Why GPT-3 is the best and worst of AI right now

Open AI's language AI wowed the public with its apparent mastery of English – but is it all an illusion?

Sierra & Lenny

  • Why it matters:

    Large computer models that learn natural language are a big step toward AI that can understand and interact with the human world. 


  • Key players:

    • OpenAI

    • Google

    • Facebook 


  • Availability:

    Now

GPT-3 has captured the public’s imagination unlike any AI since DeepMind’s AlphaGo or IBM’s chess-­playing DeepBlue.

Built by OpenAI, a research lab based in San Francisco, it is a “large language model”—an algorithm that uses deep learning, trained on the text of thousands of books and most of the internet, to string words and phrases together. When it was launched in 2020, its ability to mimic human-written text with uncanny realism seemed to many like a milestone on the road to true machine intelligence. 

Here’s an example of what it can do. The part in italics was the prompt provided by a human. 

In a shocking finding, scientists discovered a herd of unicorns living in a remote, previously unexplored valley in the Andes Mountains. Even more surprising to the researchers was the fact that the unicorns spoke perfect English. They also were found to have perfectly coiffed hair, and wore what appeared to be Dior makeup. 

“We were shocked to discover the unicorns,” said anthropologist Daniel St. Maurice. “They were like nothing we had ever seen before. We had heard legends of the unicorns, but never thought they actually existed.”

When the scientists first arrived in the valley, the unicorns were surprised and startled by the presence of humans, but were also excited. The unicorns welcomed the researchers and explained that they had been waiting for them for a very long time.

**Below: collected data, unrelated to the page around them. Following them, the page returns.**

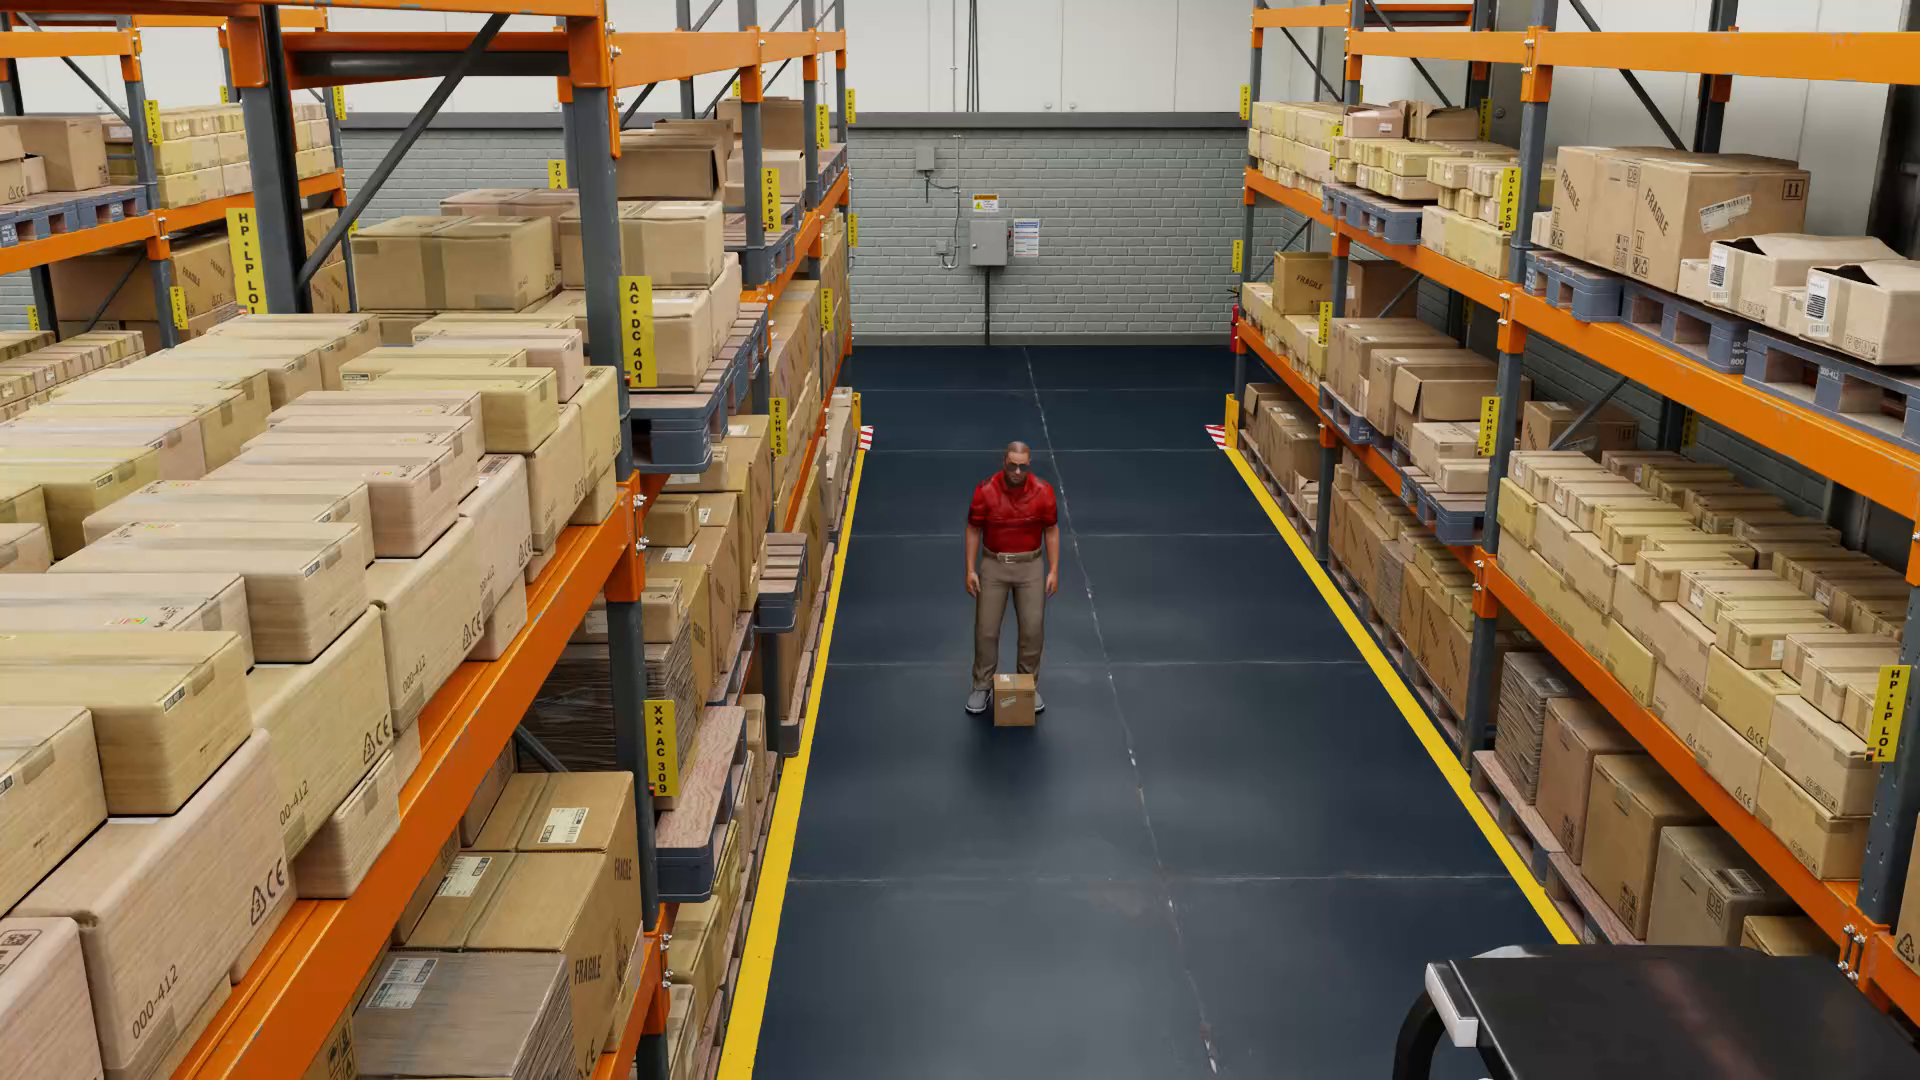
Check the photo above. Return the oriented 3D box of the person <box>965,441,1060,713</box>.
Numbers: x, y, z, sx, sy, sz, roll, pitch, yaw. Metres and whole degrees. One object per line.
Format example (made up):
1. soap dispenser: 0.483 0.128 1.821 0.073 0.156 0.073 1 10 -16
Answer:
1. person: 0.325 0.214 10.368 0.590 1.726 0.388 0 17 -1

As you can see, GPT-3 is capable of producing complex sentences that read as though they could have been produced by a human. The example sentences include cultural references and a believable account of how the scientists would react. Machines that can use language in this way are important for several reasons. Language is crucial to making sense of the everyday world: humans use it to communicate, to share ideas and describe concepts. An AI that mastered language would acquire a better understanding of the world in the process. 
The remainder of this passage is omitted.